--- INFORMATION ---
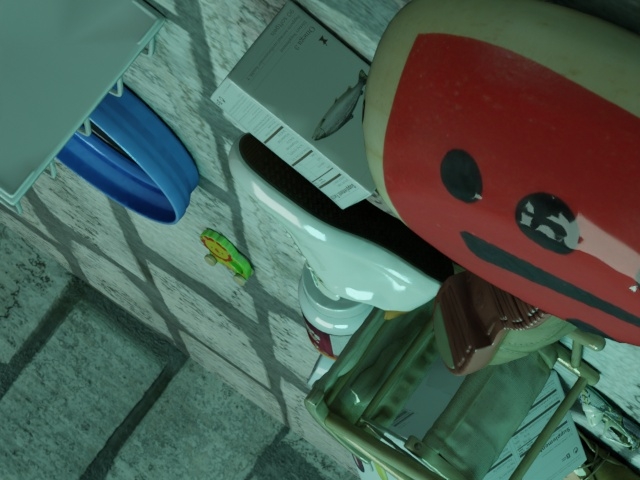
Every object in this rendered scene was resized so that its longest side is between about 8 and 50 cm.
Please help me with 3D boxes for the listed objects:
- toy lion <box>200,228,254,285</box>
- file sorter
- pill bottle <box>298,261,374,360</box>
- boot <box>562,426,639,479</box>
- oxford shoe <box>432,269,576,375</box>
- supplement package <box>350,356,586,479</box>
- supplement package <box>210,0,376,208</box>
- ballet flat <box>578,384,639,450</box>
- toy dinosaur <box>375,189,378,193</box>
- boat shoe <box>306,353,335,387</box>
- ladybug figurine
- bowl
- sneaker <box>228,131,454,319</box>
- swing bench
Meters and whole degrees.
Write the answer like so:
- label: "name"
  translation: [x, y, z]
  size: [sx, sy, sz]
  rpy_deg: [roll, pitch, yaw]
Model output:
- label: "toy lion"
  translation: [-0.159, 0.023, 2.466]
  size: [0.100, 0.034, 0.096]
  rpy_deg: [34, 158, 11]
- label: "file sorter"
  translation: [-0.346, -0.192, 1.734]
  size: [0.193, 0.277, 0.173]
  rpy_deg: [37, 168, 0]
- label: "pill bottle"
  translation: [0.032, 0.082, 2.005]
  size: [0.121, 0.121, 0.221]
  rpy_deg: [33, 165, 15]
- label: "boot"
  translation: [0.373, 0.328, 2.020]
  size: [0.305, 0.112, 0.115]
  rpy_deg: [30, 153, 34]
- label: "oxford shoe"
  translation: [0.224, 0.036, 1.487]
  size: [0.348, 0.130, 0.123]
  rpy_deg: [128, 130, -65]
- label: "supplement package"
  translation: [0.181, 0.258, 1.965]
  size: [0.262, 0.204, 0.145]
  rpy_deg: [13, 130, 58]
- label: "supplement package"
  translation: [-0.002, -0.131, 1.448]
  size: [0.179, 0.105, 0.105]
  rpy_deg: [38, 166, -7]
- label: "ballet flat"
  translation: [0.359, 0.225, 1.841]
  size: [0.114, 0.041, 0.041]
  rpy_deg: [39, 166, -5]
- label: "toy dinosaur"
  translation: [0.079, -0.056, 1.578]
  size: [0.211, 0.064, 0.112]
  rpy_deg: [26, 163, 39]
- label: "boat shoe"
  translation: [0.058, 0.213, 2.414]
  size: [0.119, 0.121, 0.335]
  rpy_deg: [27, 175, 9]
- label: "ladybug figurine"
  translation: [0.201, -0.040, 1.134]
  size: [0.449, 0.162, 0.305]
  rpy_deg: [25, 161, 40]
- label: "bowl"
  translation: [-0.346, -0.175, 2.192]
  size: [0.391, 0.077, 0.391]
  rpy_deg: [34, 165, 10]
- label: "sneaker"
  translation: [0.000, 0.000, 1.588]
  size: [0.290, 0.106, 0.123]
  rpy_deg: [35, 127, -20]
- label: "swing bench"
  translation: [0.156, 0.169, 1.712]
  size: [0.255, 0.253, 0.165]
  rpy_deg: [33, 165, 18]
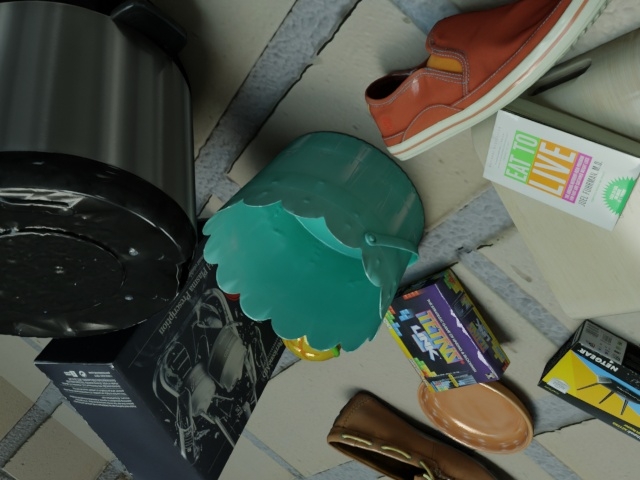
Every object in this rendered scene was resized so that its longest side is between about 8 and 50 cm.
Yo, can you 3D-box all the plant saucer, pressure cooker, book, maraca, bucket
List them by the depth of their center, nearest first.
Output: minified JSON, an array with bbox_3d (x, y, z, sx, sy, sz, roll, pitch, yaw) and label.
[{"bbox_3d":[0.243,-0.077,0.720,0.144,0.035,0.096,26,140,21],"label":"book"},{"bbox_3d":[-0.352,-0.123,0.943,0.370,0.420,0.375,-3,147,-7],"label":"pressure cooker"},{"bbox_3d":[0.000,0.000,0.979,0.281,0.183,0.281,22,141,19],"label":"bucket"},{"bbox_3d":[0.260,0.281,1.191,0.200,0.037,0.200,21,140,18],"label":"plant saucer"},{"bbox_3d":[-0.024,0.151,1.233,0.127,0.099,0.186,52,166,-16],"label":"maraca"}]

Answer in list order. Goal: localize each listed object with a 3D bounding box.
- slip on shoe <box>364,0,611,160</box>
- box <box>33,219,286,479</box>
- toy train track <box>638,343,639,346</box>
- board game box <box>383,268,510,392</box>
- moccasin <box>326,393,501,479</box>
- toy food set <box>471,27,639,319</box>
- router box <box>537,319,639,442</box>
[{"bbox_3d":[0.157,-0.186,0.721,0.101,0.123,0.331,49,146,-9],"label":"slip on shoe"},{"bbox_3d":[-0.248,0.191,1.230,0.179,0.343,0.312,-5,128,30],"label":"box"},{"bbox_3d":[0.439,0.124,0.905,0.048,0.014,0.083,37,143,-1],"label":"toy train track"},{"bbox_3d":[0.180,0.140,1.069,0.170,0.048,0.141,56,141,-5],"label":"board game box"},{"bbox_3d":[0.189,0.436,1.319,0.380,0.147,0.139,34,143,4],"label":"moccasin"},{"bbox_3d":[0.324,-0.053,0.764,0.220,0.092,0.306,-18,109,47],"label":"toy food set"},{"bbox_3d":[0.412,0.201,0.980,0.179,0.046,0.133,29,142,10],"label":"router box"}]
---
Everything from the first line of the records through the line containing "rpy_deg: [roll, pitch, yaw]" should be repeated exactly, with the pictures left out.

EXERCISE SOLUTION —
Every object in this rendered scene was resized so that its longest side is between about 8 and 50 cm.
Please help me with 3D boxes for the listed objects:
- toy lion <box>200,228,254,285</box>
- file sorter
- pill bottle <box>298,261,374,360</box>
- boot <box>562,426,639,479</box>
- oxford shoe <box>432,269,576,375</box>
- supplement package <box>350,356,586,479</box>
- supplement package <box>210,0,376,208</box>
- ballet flat <box>578,384,639,450</box>
- toy dinosaur <box>375,189,378,193</box>
- boat shoe <box>306,353,335,387</box>
- ladybug figurine
- bowl
- sneaker <box>228,131,454,319</box>
- swing bench
Meters and whole degrees.
Write the answer like so:
- label: "name"
  translation: [x, y, z]
  size: [sx, sy, sz]
  rpy_deg: [roll, pitch, yaw]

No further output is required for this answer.